A deeper analysis of the four districts respectively building periods showed that older building classes are characterized by higher heat demand values (see Fig. 12).
Figure 13 shows that more compact building forms such as high towers and multi family houses accompany with lower heat demand values because of the beneficial ratio of surface to volume (A/V ratio).
Figure 14 is in the same direction as the bigger and more dense in terms of higher numbers of floors buildings are, the lower the specific heat demand per squaremeter and year.
This paper presents a method for urban scale simulation of the heat demand. To validate the monthly energy balance method used in the urban simulation platform SimStadt, the results of six different building typologies were compared with dynamic building simulations.
The simulation method comparison resulted in a reasonable agreement for four buildings out of six (deviation </= 10%) and larger deviations in two cases (17 and 24%). Preparing and transferring building models to TRNSYS proved to be timeintensive, while the SimStadt process is fully automated.

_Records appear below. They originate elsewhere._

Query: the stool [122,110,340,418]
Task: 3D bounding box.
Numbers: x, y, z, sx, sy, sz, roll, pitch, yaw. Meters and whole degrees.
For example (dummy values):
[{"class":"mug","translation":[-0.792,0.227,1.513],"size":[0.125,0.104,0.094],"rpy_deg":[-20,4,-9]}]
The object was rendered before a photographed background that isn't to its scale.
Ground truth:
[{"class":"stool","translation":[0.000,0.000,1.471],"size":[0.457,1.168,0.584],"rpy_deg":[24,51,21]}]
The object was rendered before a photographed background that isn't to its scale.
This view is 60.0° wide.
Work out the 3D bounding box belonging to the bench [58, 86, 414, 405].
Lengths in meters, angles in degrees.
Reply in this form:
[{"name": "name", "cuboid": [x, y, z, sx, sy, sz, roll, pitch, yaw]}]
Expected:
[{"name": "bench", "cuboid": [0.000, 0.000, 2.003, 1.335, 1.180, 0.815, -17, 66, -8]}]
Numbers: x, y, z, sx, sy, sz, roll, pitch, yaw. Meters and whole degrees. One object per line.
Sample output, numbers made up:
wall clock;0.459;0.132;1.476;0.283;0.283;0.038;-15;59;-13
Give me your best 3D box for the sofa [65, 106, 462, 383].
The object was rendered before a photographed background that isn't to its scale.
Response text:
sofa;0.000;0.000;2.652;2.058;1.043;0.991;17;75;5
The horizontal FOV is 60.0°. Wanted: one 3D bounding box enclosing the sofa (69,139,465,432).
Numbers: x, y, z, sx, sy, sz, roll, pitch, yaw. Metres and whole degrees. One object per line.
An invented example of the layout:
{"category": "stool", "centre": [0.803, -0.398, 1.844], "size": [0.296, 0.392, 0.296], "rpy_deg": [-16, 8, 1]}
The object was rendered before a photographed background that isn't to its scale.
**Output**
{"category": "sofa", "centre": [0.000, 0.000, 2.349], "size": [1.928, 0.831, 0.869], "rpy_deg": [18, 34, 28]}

At district scale, the SimStadt results were compared with aggregated consumption values. When realistic refurbishment percentages were included in the urban simulation, the deviation was less than 9% in three districts and 40% in one of the four districts. This high deviation might due to differences in detail relating to the survey on refurbishment states per district.
The analysis showed that heat demand forecast with the urban simulation platform SimStadt based on 3D city models and building construction data bases as a function of building type and year of construction is suitable for both single buildings and city (district) scale without loss of quality by scaling up the granularity.

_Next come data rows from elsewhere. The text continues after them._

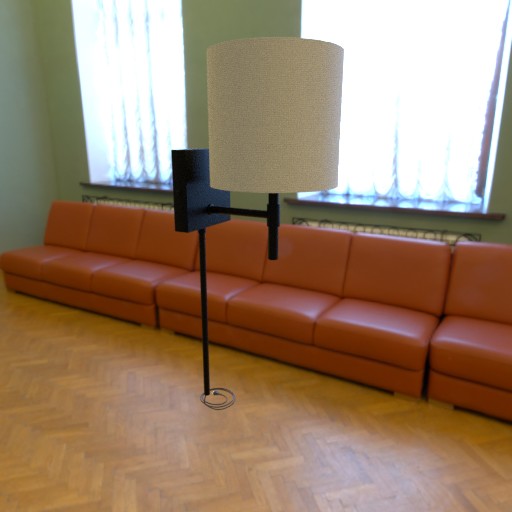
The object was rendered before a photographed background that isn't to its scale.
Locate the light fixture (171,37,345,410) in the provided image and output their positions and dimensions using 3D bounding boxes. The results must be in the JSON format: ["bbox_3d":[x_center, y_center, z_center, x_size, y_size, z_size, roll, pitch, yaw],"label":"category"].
[{"bbox_3d":[0.000,0.000,0.700,0.248,0.589,0.188,8,17,28],"label":"light fixture"}]
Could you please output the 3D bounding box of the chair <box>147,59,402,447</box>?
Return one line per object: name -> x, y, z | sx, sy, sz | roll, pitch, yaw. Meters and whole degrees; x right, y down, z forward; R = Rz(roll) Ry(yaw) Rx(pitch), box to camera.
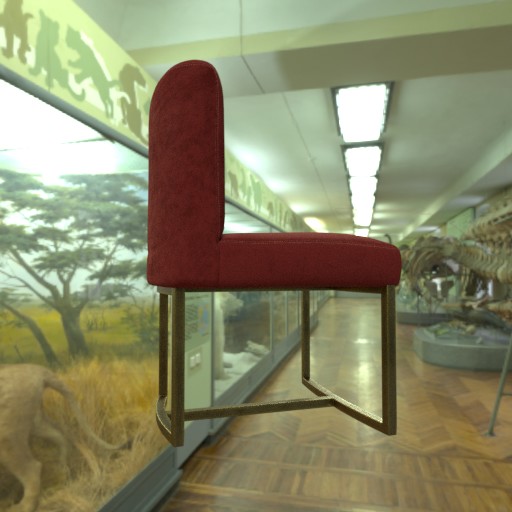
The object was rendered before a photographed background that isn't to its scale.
chair -> 0.000, 0.000, 1.179 | 0.560, 0.824, 0.530 | 1, -2, -17
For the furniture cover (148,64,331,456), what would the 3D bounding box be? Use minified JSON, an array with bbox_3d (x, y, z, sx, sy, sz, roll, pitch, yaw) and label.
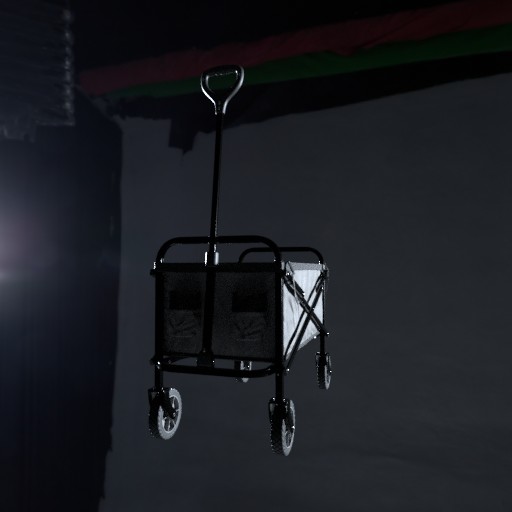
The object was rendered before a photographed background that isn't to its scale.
[{"bbox_3d":[0.000,0.000,1.865,0.532,1.295,1.038,-1,-2,18],"label":"furniture cover"}]

This research was funded by the BLE (Bundesanstalt für Landwirtschaft und Ernährung, English: Federal Agency for Agriculture and Food), Project WeBest (Wärmebedarfsprognose von Gebäuden und Stadtquartieren, English: Heat demand forecast for buildings and city quarters).

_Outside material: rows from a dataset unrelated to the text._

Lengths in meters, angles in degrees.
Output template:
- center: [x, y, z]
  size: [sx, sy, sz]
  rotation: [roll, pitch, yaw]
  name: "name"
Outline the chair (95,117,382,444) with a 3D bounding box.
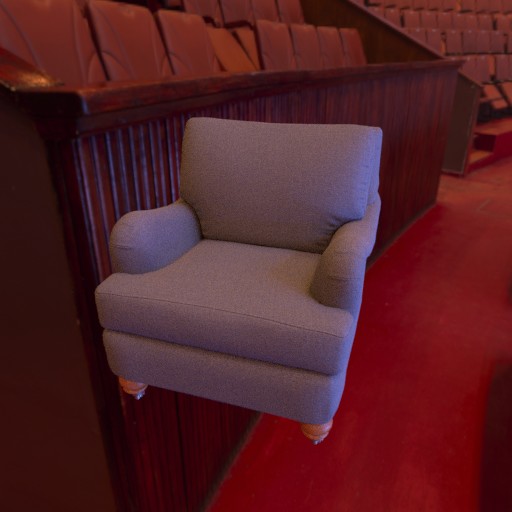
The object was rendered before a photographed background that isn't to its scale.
- center: [0.000, 0.000, 1.887]
  size: [0.955, 1.038, 1.070]
  rotation: [8, 26, 16]
  name: "chair"
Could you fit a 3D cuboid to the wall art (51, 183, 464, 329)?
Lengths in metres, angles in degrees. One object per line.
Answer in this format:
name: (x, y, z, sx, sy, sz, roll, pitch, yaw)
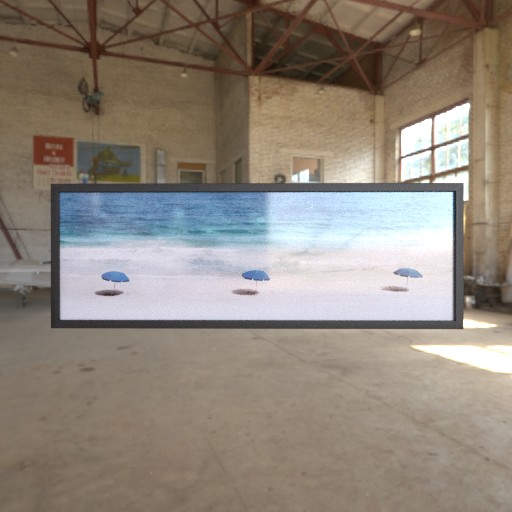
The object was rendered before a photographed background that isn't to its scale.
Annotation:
wall art: (0.000, 0.000, 0.941, 0.860, 0.303, 0.037, 0, 0, 1)
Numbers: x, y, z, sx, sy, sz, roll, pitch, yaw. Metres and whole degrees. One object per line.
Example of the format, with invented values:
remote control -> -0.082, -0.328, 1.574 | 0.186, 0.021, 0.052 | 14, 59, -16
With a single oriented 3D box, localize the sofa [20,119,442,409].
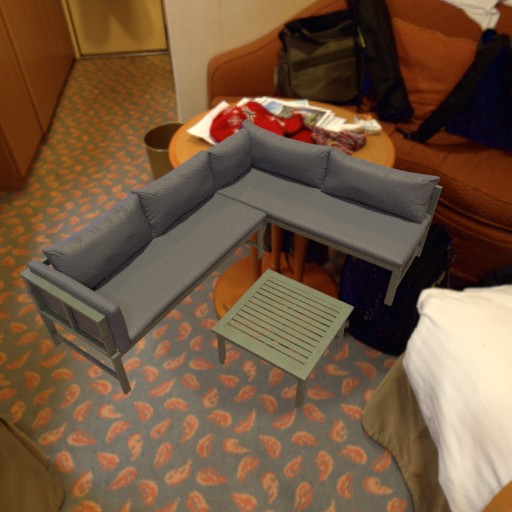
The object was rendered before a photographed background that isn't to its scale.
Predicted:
sofa -> 0.000, 0.000, 2.881 | 1.658, 0.762, 2.149 | 24, 46, 25
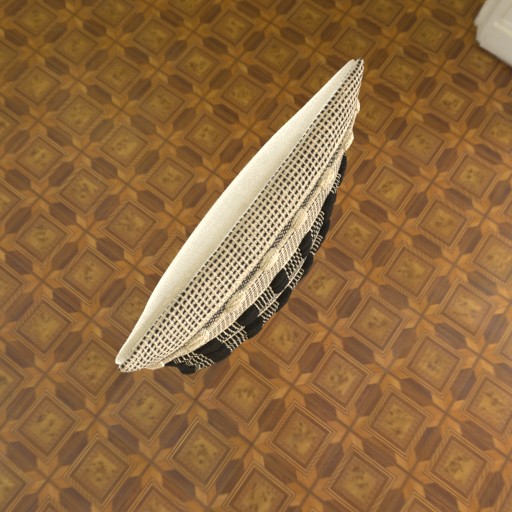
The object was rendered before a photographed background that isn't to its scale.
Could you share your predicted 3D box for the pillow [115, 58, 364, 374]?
[{"bbox_3d":[0.000,0.000,0.673,0.156,0.438,0.436,35,78,9],"label":"pillow"}]

Thanks are due to the work of Marcel Bruse, Claudia Schulte, Romain Nouvel, Dr.-Ing. Egbert Casper, Maximilian Haag (all HFT Stuttgart), Dr. Frank Knospe, Dr.-Ing. Christian Lindner and Thomas Brune (all city of Essen).
HFT Stuttgart coordinated the research work and evaluated the parametric study in different scenarios by employing urban simulation platform SimStadt (www.simstadt.eu), INSEL software (www.insel.eu) and TRNSYS (www.trnsys.como) and wrote the paper. The city of Essen delivered building data (geometries, semantics) for the six case study buildings as well as the aggregated energy consumption data for the four analysed districts. All authors read and approved the final manuscript.
The authors declare that they have no competing interests.